Each child must wear identification cards around their necks with their picture, name and grade and a wireless transmitter that beams their ID number to a teacher’s handheld computer when the child passes under an antenna posted above a classroom door.

While similar devices are being tested at several schools in Japan so parents can know when their children arrive and leave, Brittan, near Yuba City, appears to be the first US school district to embrace such a monitoring system.

“If this school doesn’t stand up, then other schools might adopt it,” Nicole Ozer, a representative of the American Civil Liberties Union, warned school board members at a meeting.

“You might be a small community, but you are one of the first communities to use this technology.”

The system was imposed, without parental input, by the school as a way to simplify attendance-taking and potentially reduce vandalism and improve student safety. Principal Earnie Graham hopes to eventually add barcodes to the existing IDs so pupils can use them to pay for cafeteria meals and check out library books.

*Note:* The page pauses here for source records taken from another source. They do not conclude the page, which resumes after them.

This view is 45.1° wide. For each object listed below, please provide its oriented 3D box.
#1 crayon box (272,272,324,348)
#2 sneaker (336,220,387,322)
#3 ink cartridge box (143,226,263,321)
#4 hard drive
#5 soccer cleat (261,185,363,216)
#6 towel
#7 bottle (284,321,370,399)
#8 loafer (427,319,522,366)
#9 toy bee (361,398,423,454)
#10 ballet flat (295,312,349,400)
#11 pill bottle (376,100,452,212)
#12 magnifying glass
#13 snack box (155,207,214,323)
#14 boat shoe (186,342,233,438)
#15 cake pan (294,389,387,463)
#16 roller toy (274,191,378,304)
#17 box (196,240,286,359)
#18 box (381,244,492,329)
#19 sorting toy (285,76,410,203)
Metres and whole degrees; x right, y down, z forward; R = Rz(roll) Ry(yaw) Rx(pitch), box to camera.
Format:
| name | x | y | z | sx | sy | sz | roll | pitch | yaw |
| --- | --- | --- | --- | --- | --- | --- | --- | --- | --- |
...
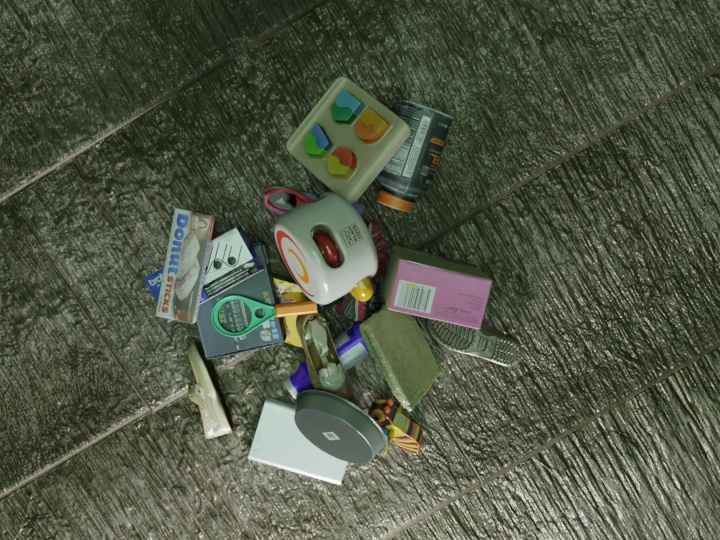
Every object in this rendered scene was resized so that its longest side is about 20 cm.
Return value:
| name | x | y | z | sx | sy | sz | roll | pitch | yaw |
| --- | --- | --- | --- | --- | --- | --- | --- | --- | --- |
| crayon box | -0.176 | 0.067 | 1.718 | 0.199 | 0.058 | 0.119 | 18 | 97 | -3 |
| sneaker | 0.000 | 0.000 | 1.708 | 0.074 | 0.081 | 0.201 | 12 | 91 | 26 |
| ink cartridge box | -0.289 | 0.006 | 1.609 | 0.200 | 0.044 | 0.094 | -28 | 93 | 5 |
| hard drive | -0.118 | 0.351 | 1.783 | 0.199 | 0.026 | 0.132 | 17 | 98 | -5 |
| soccer cleat | -0.093 | -0.123 | 1.683 | 0.199 | 0.076 | 0.067 | 12 | 98 | -3 |
| towel | 0.079 | 0.162 | 1.711 | 0.036 | 0.148 | 0.200 | -22 | 102 | 40 |
| bottle | -0.059 | 0.182 | 1.728 | 0.200 | 0.084 | 0.065 | -36 | 99 | 3 |
| loafer | 0.228 | 0.136 | 1.741 | 0.200 | 0.068 | 0.076 | 26 | 96 | 11 |
| toy bee | 0.051 | 0.301 | 1.728 | 0.199 | 0.109 | 0.131 | 13 | 60 | -25 |
| ballet flat | -0.071 | 0.168 | 1.651 | 0.070 | 0.065 | 0.200 | -24 | 87 | -18 |
| pill bottle | 0.095 | -0.215 | 1.660 | 0.106 | 0.106 | 0.201 | 18 | 99 | -5 |
| magnifying glass | -0.180 | 0.078 | 1.627 | 0.199 | 0.022 | 0.080 | -7 | 97 | -2 |
| snack box | -0.318 | -0.009 | 1.574 | 0.072 | 0.024 | 0.201 | 11 | 94 | 5 |
| boat shoe | -0.316 | 0.243 | 1.739 | 0.065 | 0.072 | 0.201 | -18 | 105 | 0 |
| cake pan | -0.045 | 0.307 | 1.677 | 0.200 | 0.200 | 0.037 | 37 | 56 | -7 |
| roller toy | -0.057 | -0.043 | 1.591 | 0.140 | 0.200 | 0.183 | -29 | 139 | -18 |
| box | -0.240 | 0.056 | 1.660 | 0.157 | 0.051 | 0.201 | -12 | 96 | 3 |
| box | 0.139 | 0.029 | 1.652 | 0.175 | 0.200 | 0.097 | 13 | 99 | -4 |
| sorting toy | -0.029 | -0.252 | 1.639 | 0.200 | 0.036 | 0.185 | 42 | 97 | 27 |

But some parents see a system that can monitor their children’s movements on campus as something straight out of George Orwell.

“There is a way to make kids safer without making them feel like a piece of inventory,” said Michael Cantrall, one of several parents who complained.

“Are we trying to bring them up with respect and trust, or tell them that you can’t trust anyone, you are always going to be monitored, and someone is always going to be watching you?”

Cantrall said he told his children, in the 5th and 7th grades, not to wear the badges. He also sent a protest letter to the board and alerted the ACLU.

But not everyone in the close-knit farming town north west of Sacramento is against the system. Some said they welcomed the IDs as a security measure.

“Bad things can happen here,” said Tim Crabtree, an area parent.

Graham, who also serves as the superintendent of the single-school district, told the parents that their children could be disciplined for boycotting the badges – and that he did not understand what all their angst is about.

“Sometimes when you are on the cutting edge, you get caught,” Graham said, recounting the angry phone calls and notes he received from parents.

In addition to the privacy concerns, parents are worried that the information on and inside the badges could wind up in the wrong hands and endanger their children, and that radio frequency technology might carry health risks.

Graham said the devices did not emit any cancer-causing radioactivity, and that for now, they merely confirmed that each child was in his or her classroom, rather than track them around the school like a global-positioning device. The 15-digit ID number that confirmed attendance was encrypted, he said, and not linked to other personal information such as an address or telephone number.